Avec cette nouvelle association, SOS Racisme, on franchit, en ce 15 octobre 1984, une nouvelle étape dans la haine de soi et le dénigrement de la France.

Ce moment correspond, historiquement, à la captation de la Shoah par les lobbies immigrés, sous l’égide de la gauche mitterrandienne. Le migrant remplace le prolétaire, que les socialistes vont abandonner à la mondialisation sauvage.

Le peuple migrant va devenir le nouveau « peuple élu ». Ce discours victimaire vitrifie les esprits critiques pétrifiés par la peur. Il prône le «droit à la différence». C’est un multiculturalisme militant qui veut en finir avec la tradition assimilatrice de la France.

Par leur jeunesse, les dirigeants médiatiques de SOS Racisme bénéficient aussi d’une présomption d ‘innocence : ils sont censés incarner une «génération morale», rafraîchissant ainsi le débat politique en y infusant la générosité. François Mitterrand les utilise pour élever une digue morale autour du Front national dans le seul but de tétaniser la droite classique qui travaille bientôt à sa propre décontamination. Les régimes totalitaires ont toujours jeté les jeunes contre leurs aînés.

Bientôt, le magazine Globe, créé en 1983, va résumer la philosophie de SOS Racisme dans l’éditorial de son premier numéro, cosigné par Georges-Marc Benamou, Bernard-Henri Lévy et Pierre Bergé : « Bien sûr, nous sommes résolument cosmopolites. Bien sûr, tout ce qui est terroir, bourrées, binious, bref, franchouillard ou cocardier, nous est étranger, voire odieux.«

Pierre Desproges s’amusera de ce serment asymétrique :

« J’adhérerai à SOS-Racisme quand ils mettront un S à Racisme ! Il y a des racistes noirs arabes, juifs, chinois et même des ocre-crème et des anthracite-argenté. Mais à SOS-Machin, ils ne fustigent que le Berrichon de base ou le Parisien-baguette. C’est sectaire. »

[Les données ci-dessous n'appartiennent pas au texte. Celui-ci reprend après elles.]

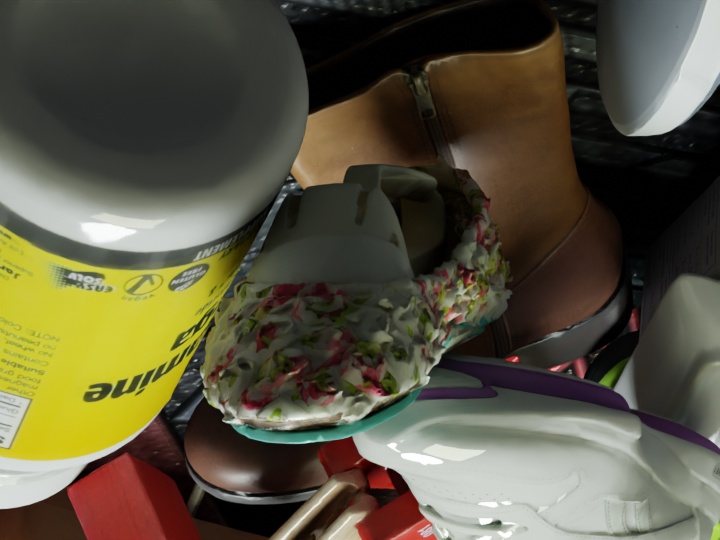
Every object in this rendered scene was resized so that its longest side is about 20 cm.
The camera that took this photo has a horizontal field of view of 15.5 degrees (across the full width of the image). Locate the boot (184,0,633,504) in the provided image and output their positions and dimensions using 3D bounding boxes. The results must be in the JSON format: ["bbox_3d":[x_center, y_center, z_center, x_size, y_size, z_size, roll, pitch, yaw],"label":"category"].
[{"bbox_3d":[0.000,0.000,0.927,0.187,0.069,0.200,-19,151,7],"label":"boot"}]

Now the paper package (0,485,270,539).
[{"bbox_3d":[-0.094,0.191,1.137,0.199,0.104,0.191,18,140,-21],"label":"paper package"}]

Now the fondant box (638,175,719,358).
[{"bbox_3d":[0.213,-0.012,0.941,0.144,0.058,0.200,29,129,-15],"label":"fondant box"}]

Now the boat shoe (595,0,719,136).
[{"bbox_3d":[0.127,-0.108,0.791,0.065,0.074,0.200,0,149,-18],"label":"boat shoe"}]

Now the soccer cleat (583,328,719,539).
[{"bbox_3d":[0.126,0.059,1.072,0.067,0.081,0.200,-34,149,9],"label":"soccer cleat"}]

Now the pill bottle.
[{"bbox_3d":[-0.096,-0.009,0.816,0.112,0.113,0.200,-2,149,-23],"label":"pill bottle"}]

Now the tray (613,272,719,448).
[{"bbox_3d":[0.188,0.072,0.967,0.199,0.022,0.108,18,131,-6],"label":"tray"}]

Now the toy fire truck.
[{"bbox_3d":[-0.007,0.093,0.958,0.141,0.049,0.200,-31,153,5],"label":"toy fire truck"}]

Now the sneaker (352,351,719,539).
[{"bbox_3d":[0.062,0.085,0.872,0.075,0.100,0.200,12,172,38],"label":"sneaker"}]

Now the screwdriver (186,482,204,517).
[{"bbox_3d":[-0.086,0.126,1.147,0.029,0.028,0.200,-21,156,-22],"label":"screwdriver"}]

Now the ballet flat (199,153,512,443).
[{"bbox_3d":[-0.002,0.002,0.789,0.075,0.064,0.200,-2,-172,13],"label":"ballet flat"}]

Je ferai d’ailleurs les frais de ce sectarisme tranquille des gardiens de la Vertu. Avec une hauteur insultante, Bernard-Henri Lévy me reprochera un jour … d’exister. Il considère que quiconque aime sa patrie constitue un danger et que tout devient alors permis quand il s’agit de pratiquer la salubrité publique. La France doit se taire, elle a mauvaise haleine, la tripe vilaine, le regard infesté, la bouche empuantie. Elle est le Mal absolu, le ventre fécond qui a enfanté la Bête immonde. […]

La doctrine de B.H.L., si on l’examine bien, nous fait franchir un cran : puisque la France, à travers ses expressions les plus intimes, charrie des vomissures barbares, comme les diables brûlants crachent des laves rougeoyantes, il faut la condamner, la mettre au ban de la civilisation. Il faut qu’elle batte sa coulpe, qu’elle s’excuse d’exister. Un homme politique qui resterait juché sur son Aventin, soucieux d’une France en altitude, et que les Autorités morales surprendraient à cheminer sur la colline inspirée de Lorraine ou à chercher, dans l’horizon des blés d’or, les flèches de Chartres, ne serait pas digne d’accéder aux fonctions les plus élevées de la République. B.H.L. ne le tolérerait pas.

Depuis que SOS Racisme a vu le jour, la haine raciale ne s’est jamais aussi bien portée et n’a jamais été aussi violente. Certains linguistes qui ont étudié l’intitulé du mouvement y ont détecté un lapsus révélateur : ces gens-là s’agitent pour secourir l’objet même de leur détestation. Quand on lance un SOS, c’est pour sauver les espèces qu’on juge menacées, les dauphins, le thon rouge, les libellules … SOS Animaux vise à sauver les bêtes abandonnées, SOS Grand Bleu à défendre la faune et la flore en Méditerranée.

En fait, la confusion n’est que d’apparence. C’est presque un acte manqué. Sous couvert d’antiracisme, SOS Racisme sauve le racisme. Fabriquer des racistes pour pouvoir mieux les dénoncer. Provoquer et nourrir la haine pour s’en repaître. Dénoncer le Front national et le faire prospérer.